Once our choice of design was a differential drive car, we had no trouble with the power applied for each wheel while turning “left” or “right”, since the car can turn on its own axis. However for “up” labels, finding the right amount of power was a major thing for achieving success on this project.
We started with 20% of power for both wheels and at first it seemed as a good choice, but we had some problems with the “up” command. We noticed at this point that the robot predicted the correct turn action but performed it outside of the paper track, due to its velocity.
To cope with the processing time of “take image — predict action — execute action” loop, we choose to slow down to 10% of power in forward movements.
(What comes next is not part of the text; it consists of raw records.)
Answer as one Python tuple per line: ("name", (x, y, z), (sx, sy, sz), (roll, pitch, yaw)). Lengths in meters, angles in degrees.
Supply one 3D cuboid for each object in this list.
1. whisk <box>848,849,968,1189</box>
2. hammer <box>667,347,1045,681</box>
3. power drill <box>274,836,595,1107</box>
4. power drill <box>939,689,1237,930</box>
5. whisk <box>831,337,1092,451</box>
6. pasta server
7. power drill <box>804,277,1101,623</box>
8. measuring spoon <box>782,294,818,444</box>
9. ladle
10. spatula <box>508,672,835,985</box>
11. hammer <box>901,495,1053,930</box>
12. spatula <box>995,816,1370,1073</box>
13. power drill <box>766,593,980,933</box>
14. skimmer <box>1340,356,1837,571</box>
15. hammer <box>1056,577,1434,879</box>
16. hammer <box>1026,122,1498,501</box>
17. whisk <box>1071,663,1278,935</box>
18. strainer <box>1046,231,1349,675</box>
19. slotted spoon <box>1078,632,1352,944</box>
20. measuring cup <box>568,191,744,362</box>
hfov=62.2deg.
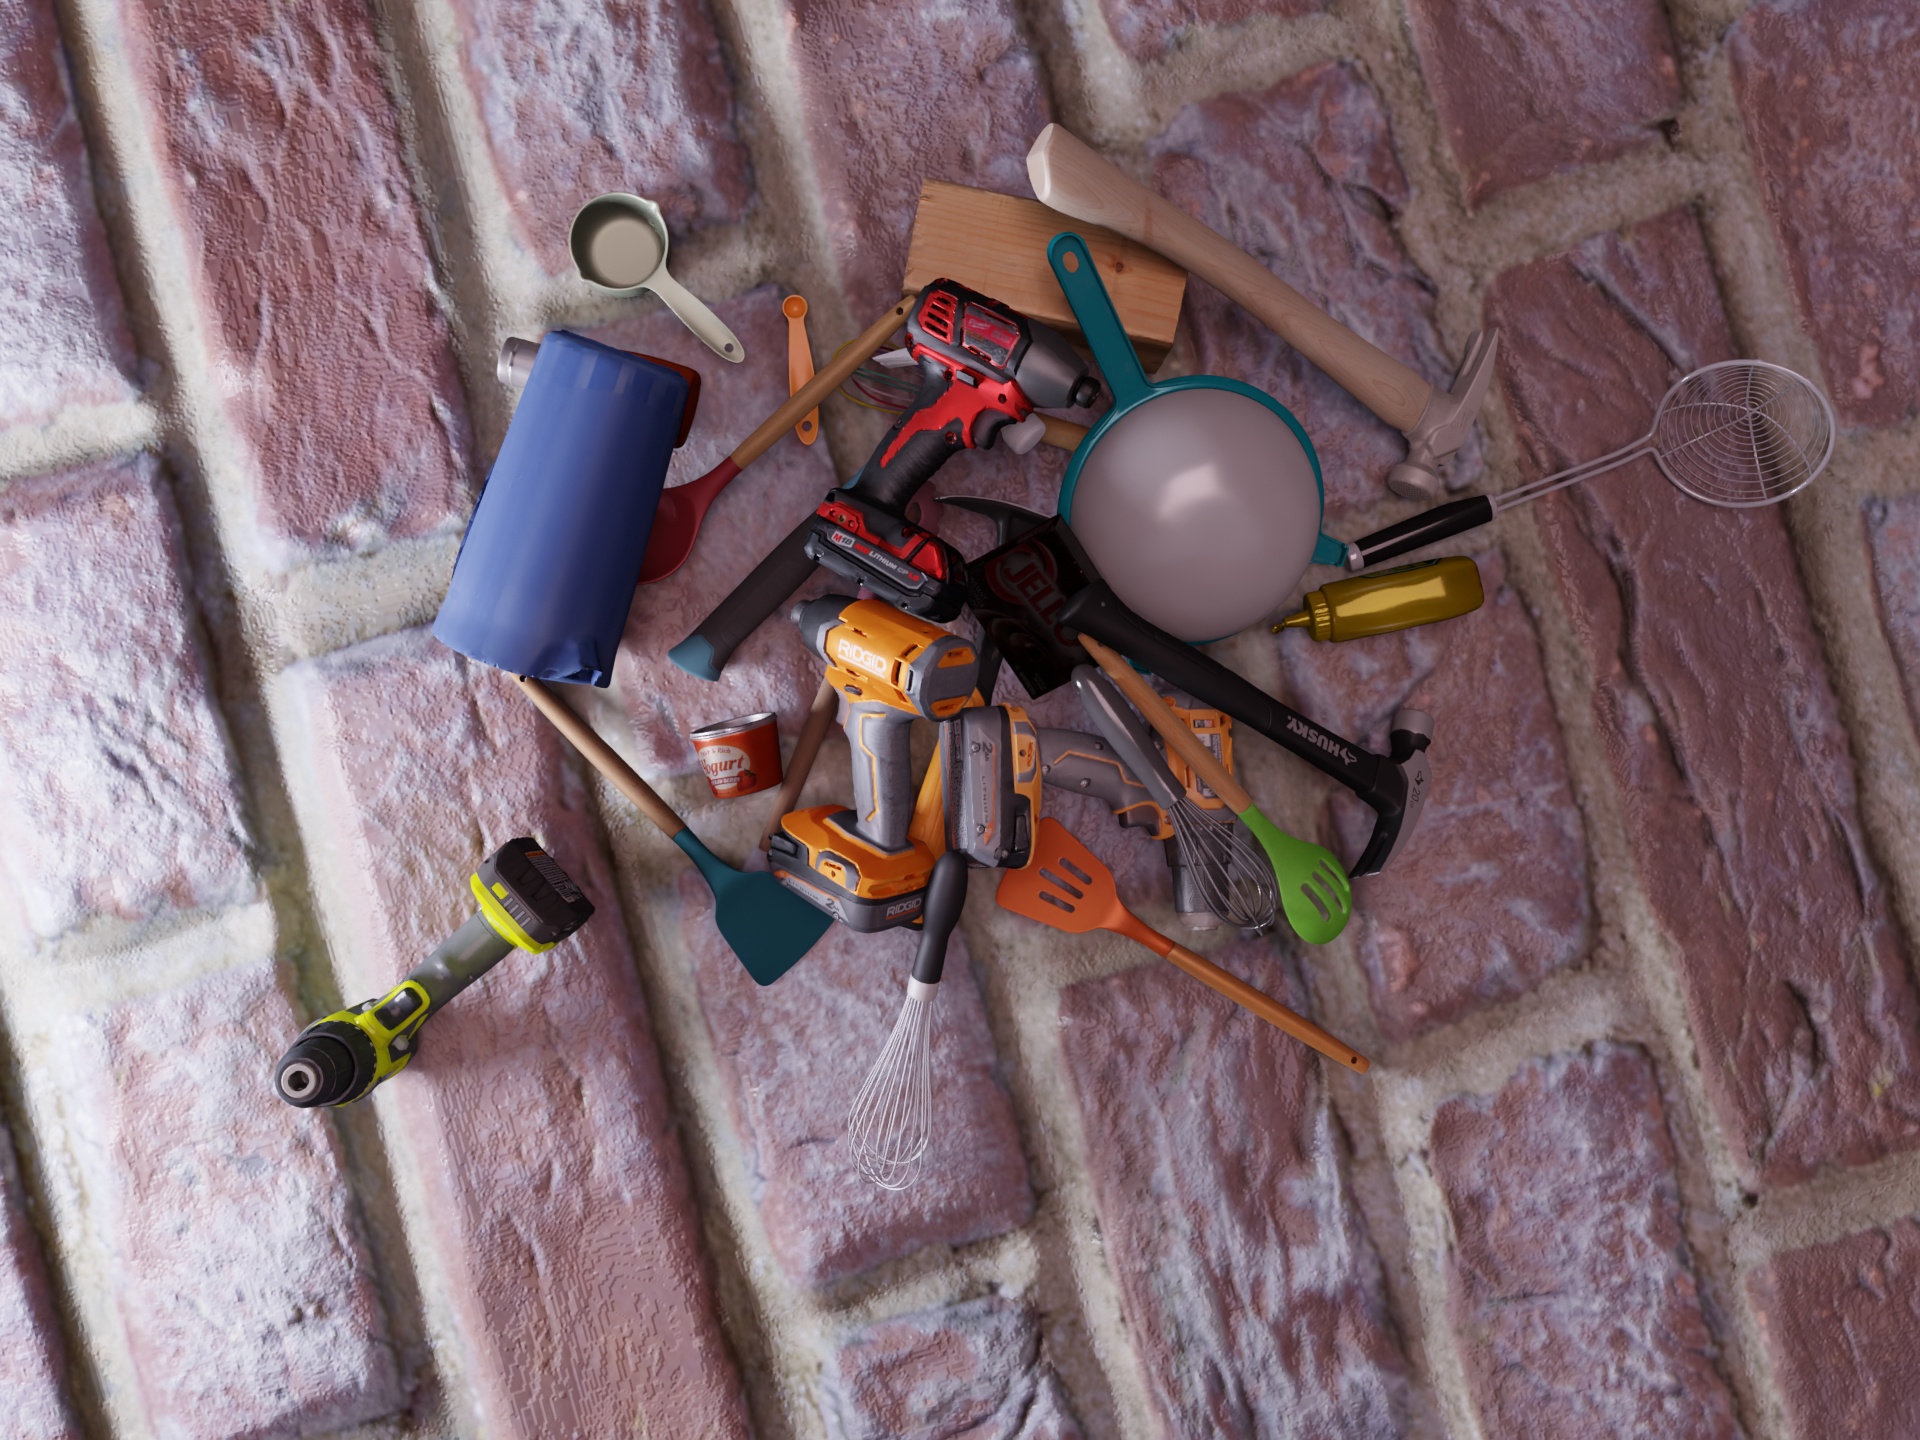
("whisk", (-0.035, 0.225, 1.184), (0.070, 0.070, 0.284), (12, 108, -2))
("hammer", (-0.096, -0.148, 1.195), (0.331, 0.033, 0.128), (-43, 79, 12))
("power drill", (-0.382, 0.189, 1.145), (0.228, 0.190, 0.080), (-42, 91, -6))
("power drill", (0.105, 0.070, 1.194), (0.226, 0.084, 0.185), (-2, 84, -19))
("whisk", (0.018, -0.245, 1.236), (0.245, 0.051, 0.047), (16, 83, -5))
("pasta server", (-0.091, -0.045, 1.239), (0.060, 0.040, 0.316), (22, 93, -2))
("power drill", (-0.004, -0.185, 1.115), (0.143, 0.078, 0.219), (29, 96, 13))
("measuring spoon", (-0.125, -0.274, 1.248), (0.021, 0.011, 0.117), (-6, 93, -2))
("ladle", (-0.151, -0.213, 1.202), (0.315, 0.031, 0.069), (-39, 88, 13))
("spatula", (-0.235, 0.071, 1.233), (0.317, 0.044, 0.082), (45, 89, 4))
("hammer", (-0.002, -0.004, 1.226), (0.127, 0.034, 0.337), (16, 91, -18))
("spatula", (0.182, 0.190, 1.246), (0.322, 0.041, 0.081), (31, 87, -5))
("power drill", (-0.076, 0.022, 1.165), (0.164, 0.084, 0.226), (26, 115, 37))
("skimmer", (0.479, -0.176, 1.227), (0.363, 0.090, 0.127), (-20, 122, 0))
("hammer", (0.212, -0.006, 1.169), (0.334, 0.035, 0.146), (28, 64, -20))
("hammer", (0.228, -0.322, 1.178), (0.410, 0.038, 0.146), (27, 85, -22))
("whisk", (0.153, 0.057, 1.150), (0.055, 0.055, 0.239), (-36, 93, -2))
("strainer", (0.154, -0.194, 1.154), (0.211, 0.095, 0.340), (-29, 114, 2))
("slotted spoon", (0.193, 0.048, 1.179), (0.313, 0.031, 0.070), (47, 61, -12))
("measuring cup", (-0.228, -0.334, 1.231), (0.167, 0.038, 0.083), (44, 88, -3))
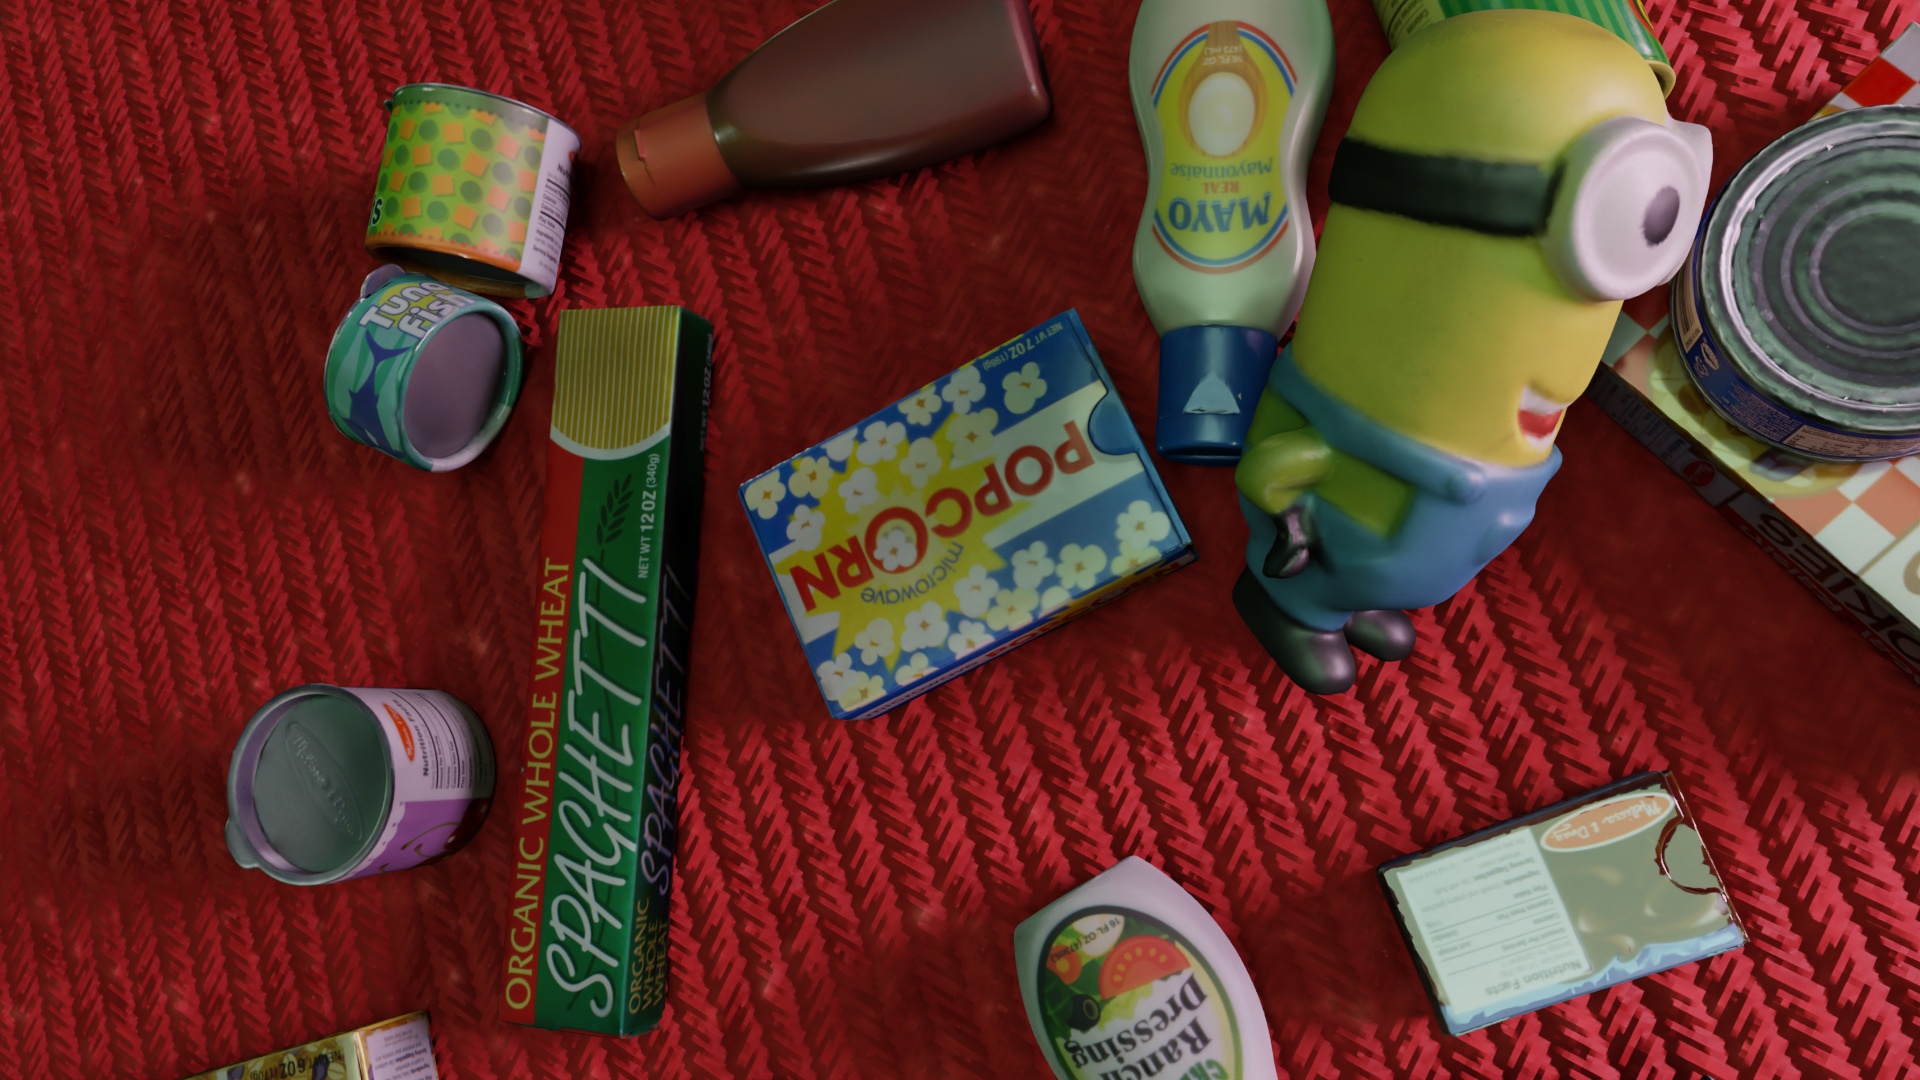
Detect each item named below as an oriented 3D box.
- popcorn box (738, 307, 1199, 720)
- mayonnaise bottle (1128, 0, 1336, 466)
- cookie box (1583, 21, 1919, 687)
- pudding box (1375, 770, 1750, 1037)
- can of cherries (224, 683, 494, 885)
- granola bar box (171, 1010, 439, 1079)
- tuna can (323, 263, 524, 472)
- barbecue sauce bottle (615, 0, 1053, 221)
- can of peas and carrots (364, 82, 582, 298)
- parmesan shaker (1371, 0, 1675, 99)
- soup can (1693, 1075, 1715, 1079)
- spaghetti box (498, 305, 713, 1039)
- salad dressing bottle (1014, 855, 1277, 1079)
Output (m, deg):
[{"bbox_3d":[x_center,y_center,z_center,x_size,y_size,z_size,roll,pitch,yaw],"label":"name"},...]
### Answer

Which made it slow as turtle, but it got the job done.
After successfully driving in the training track we assembled a test track with a new shape (new types of curves and different lane sizes) to check if the model could generalize to tracks that it had not observed previously.
And it did!
Build a complete self-driving car is no joke (it takes more than a Raspberry Pi and a Lego robot, that’s for sure). Here we tried to show that the task of lane and road following can be achieved by anyone with some robotics and machine learning skills.
The use of the NXT Lego robot doesn’t make this project a low-cost one (one NXT kit costs $549.99). We chose this robot simply because it was available for us. If you don’t have it, there are a lot of different and cheaper options available (for example, the project DeepPicar uses a New Bright 1:24 scale RC car — it costs only $10). Our code can easily be adapted for any car platform, so we welcome anyone to use it and contribute to it :)
Well, the fun isn’t over. There are also a lot of things to pursue next, here are some examples:
- Sometimes the kind of data that the model sees in training is way different than the data that it sees while driving in the real world: a miss-classification (for example, changing the command “left” for “right”) can put the car in a different position in the track exposing the car to images never encountered before. We think that one way to circumvent this problem is to create a new dataset where we control the car normally but we introduce some random disturbances while driving.
- With better hardware, it is possible to use robust CNN models together with some visualization techniques to have some understanding of the network’s inner workings.
- The Ackerman drive model is the standard in robotics cars community. A natural next step is to combine our framework with this model, allowing the robot car to accelerate and steer at the same time. This would require a new and refined dataset, that associates for each image a label composed by steering angle and motor power, also reviewing all the machine learning process.
The road to autonomous vehicles is not a short one, but we hope to give you the sense that it is way easier than it seems to take the first step.